** Opening Study material block **
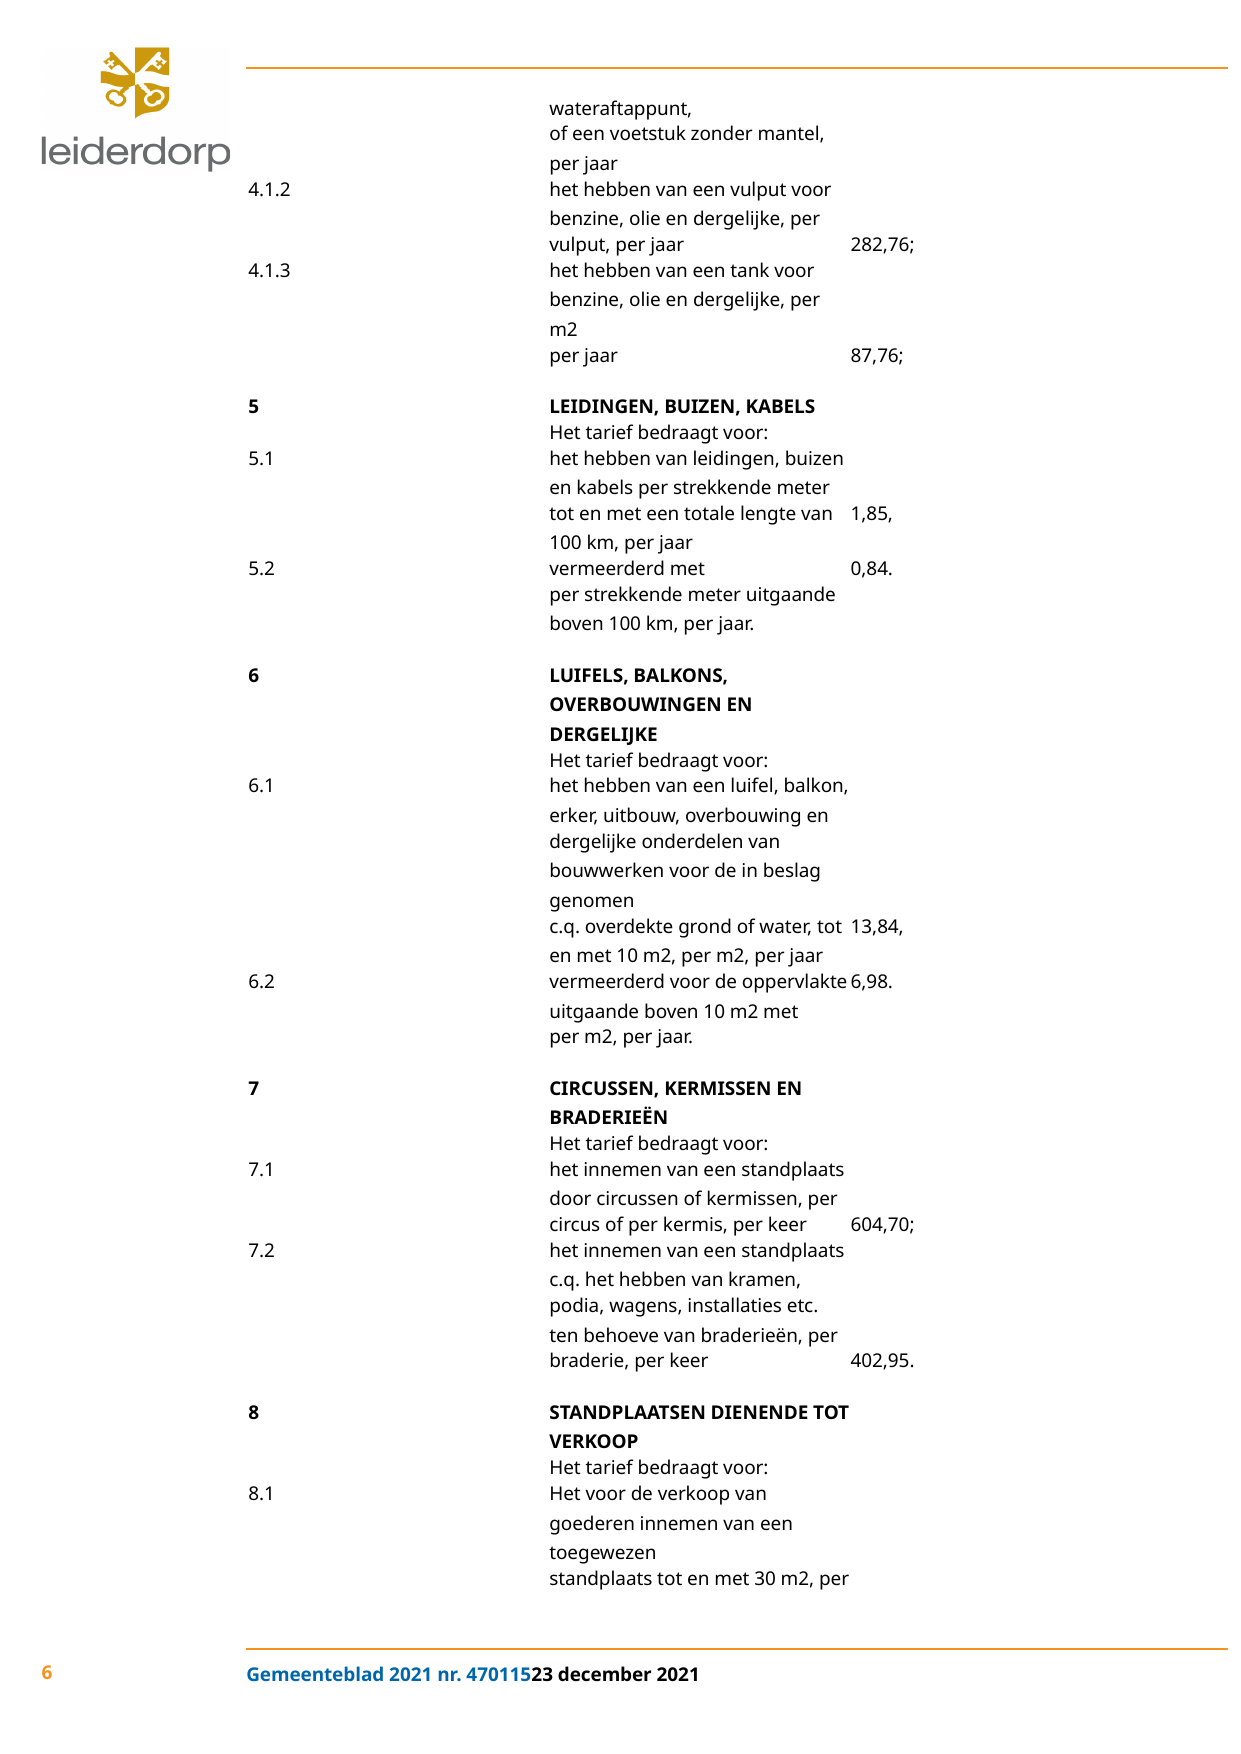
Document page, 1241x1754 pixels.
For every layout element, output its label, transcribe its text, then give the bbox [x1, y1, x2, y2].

table_cell [248, 419, 549, 445]
table_cell het hebben van een vulput voor benzine, olie en dergelijke, per [549, 176, 850, 231]
table_cell Het tarief bedraagt voor: [549, 1130, 850, 1156]
table_cell [248, 95, 549, 121]
table_cell [850, 1237, 1152, 1292]
table_cell [549, 1049, 850, 1075]
table_cell standplaats tot en met 30 m2, per [549, 1565, 850, 1591]
table_cell 6.1 [248, 773, 549, 828]
table_cell [248, 747, 549, 773]
table_cell [850, 828, 1152, 913]
table_cell [850, 1399, 1152, 1454]
table_cell Het tarief bedraagt voor: [549, 1455, 850, 1480]
table_cell [850, 95, 1152, 121]
table_cell [248, 1049, 549, 1075]
table_cell [248, 1024, 549, 1049]
table_cell het hebben van leidingen, buizen en kabels per strekkende meter [549, 445, 850, 500]
table_cell wateraftappunt, [549, 95, 850, 121]
table_cell [248, 828, 549, 913]
table_cell per strekkende meter uitgaande boven 100 km, per jaar. [549, 581, 850, 636]
table_cell [850, 393, 1152, 419]
table_cell [850, 1480, 1152, 1565]
table_cell [850, 1374, 1152, 1399]
table_cell vermeerderd met [549, 555, 850, 581]
table_cell Het voor de verkoop van goederen innemen van een toegewezen [549, 1480, 850, 1565]
table_cell of een voetstuk zonder mantel, per jaar [549, 121, 850, 176]
table_cell LEIDINGEN, BUIZEN, KABELS [549, 393, 850, 419]
table_cell STANDPLAATSEN DIENENDE TOT VERKOOP [549, 1399, 850, 1454]
table_cell [850, 1075, 1152, 1130]
table_cell 5.1 [248, 445, 549, 500]
table_cell [850, 1049, 1152, 1075]
table_cell 6,98. [850, 968, 1152, 1023]
table_cell [850, 445, 1152, 500]
table_cell braderie, per keer [549, 1348, 850, 1373]
table_cell het hebben van een luifel, balkon, erker, uitbouw, overbouwing en [549, 773, 850, 828]
table_cell Het tarief bedraagt voor: [549, 419, 850, 445]
table_cell [850, 773, 1152, 828]
table_cell 8.1 [248, 1480, 549, 1565]
table_cell [248, 913, 549, 968]
table_cell 7.2 [248, 1237, 549, 1292]
table_cell het innemen van een standplaats door circussen of kermissen, per [549, 1156, 850, 1211]
table_cell 6 [248, 662, 549, 747]
table_cell 6.2 [248, 968, 549, 1023]
table_cell [248, 121, 549, 176]
table_cell [248, 1211, 549, 1237]
table_cell [850, 636, 1152, 662]
table_cell 402,95. [850, 1348, 1152, 1373]
table_cell LUIFELS, BALKONS, OVERBOUWINGEN EN DERGELIJKE [549, 662, 850, 747]
table_cell [248, 1455, 549, 1480]
table_cell 4.1.2 [248, 176, 549, 231]
table_cell het innemen van een standplaats c.q. het hebben van kramen, [549, 1237, 850, 1292]
table_cell [850, 419, 1152, 445]
table_cell Het tarief bedraagt voor: [549, 747, 850, 773]
table_cell [549, 368, 850, 393]
table_cell [850, 257, 1152, 342]
table_cell 7.1 [248, 1156, 549, 1211]
table_cell 7 [248, 1075, 549, 1130]
table_cell [248, 1565, 549, 1591]
table_cell 8 [248, 1399, 549, 1454]
table_cell [850, 662, 1152, 747]
table_cell [549, 636, 850, 662]
table_cell vermeerderd voor de oppervlakte uitgaande boven 10 m2 met [549, 968, 850, 1023]
table_cell 0,84. [850, 555, 1152, 581]
table_cell [850, 747, 1152, 773]
table_cell [248, 636, 549, 662]
table_cell dergelijke onderdelen van bouwwerken voor de in beslag genomen [549, 828, 850, 913]
table_cell het hebben van een tank voor benzine, olie en dergelijke, per m2 [549, 257, 850, 342]
table_cell podia, wagens, installaties etc. ten behoeve van braderieën, per [549, 1293, 850, 1348]
table_cell [248, 1130, 549, 1156]
table_cell 604,70; [850, 1211, 1152, 1237]
table_cell CIRCUSSEN, KERMISSEN EN BRADERIEËN [549, 1075, 850, 1130]
table_cell per jaar [549, 342, 850, 367]
table_cell [248, 581, 549, 636]
table_cell 87,76; [850, 342, 1152, 367]
table_cell 13,84, [850, 913, 1152, 968]
table_cell vulput, per jaar [549, 231, 850, 257]
table_cell 5.2 [248, 555, 549, 581]
picture [41, 47, 231, 172]
table_cell 5 [248, 393, 549, 419]
table_cell [850, 581, 1152, 636]
table_cell [248, 1374, 549, 1399]
table_cell [248, 342, 549, 367]
table_cell c.q. overdekte grond of water, tot en met 10 m2, per m2, per jaar [549, 913, 850, 968]
table_cell [850, 121, 1152, 176]
table_cell 4.1.3 [248, 257, 549, 342]
table_cell [850, 1024, 1152, 1049]
table_cell [248, 231, 549, 257]
table_cell 282,76; [850, 231, 1152, 257]
table_cell [850, 1156, 1152, 1211]
table_cell [248, 500, 549, 555]
table_cell [248, 1293, 549, 1348]
table_cell [850, 1455, 1152, 1480]
table_cell circus of per kermis, per keer [549, 1211, 850, 1237]
table_cell [549, 1374, 850, 1399]
table_cell [850, 1130, 1152, 1156]
table_cell [850, 1565, 1152, 1591]
table_cell 1,85, [850, 500, 1152, 555]
table_cell tot en met een totale lengte van 100 km, per jaar [549, 500, 850, 555]
table_cell [248, 1348, 549, 1373]
table_cell [850, 368, 1152, 393]
table_cell per m2, per jaar. [549, 1024, 850, 1049]
table_cell [248, 368, 549, 393]
table_cell [850, 1293, 1152, 1348]
table_cell [850, 176, 1152, 231]
** Closing Study material block **
Assignment - Copy out exactly the line holding "table_cell [248, 1348, 549, 1373]" and each line after it through the end of the entries, and leave out everything else.

Result -
table_cell [248, 1348, 549, 1373]
table_cell [850, 368, 1152, 393]
table_cell per m2, per jaar. [549, 1024, 850, 1049]
table_cell [248, 368, 549, 393]
table_cell [850, 1293, 1152, 1348]
table_cell [850, 176, 1152, 231]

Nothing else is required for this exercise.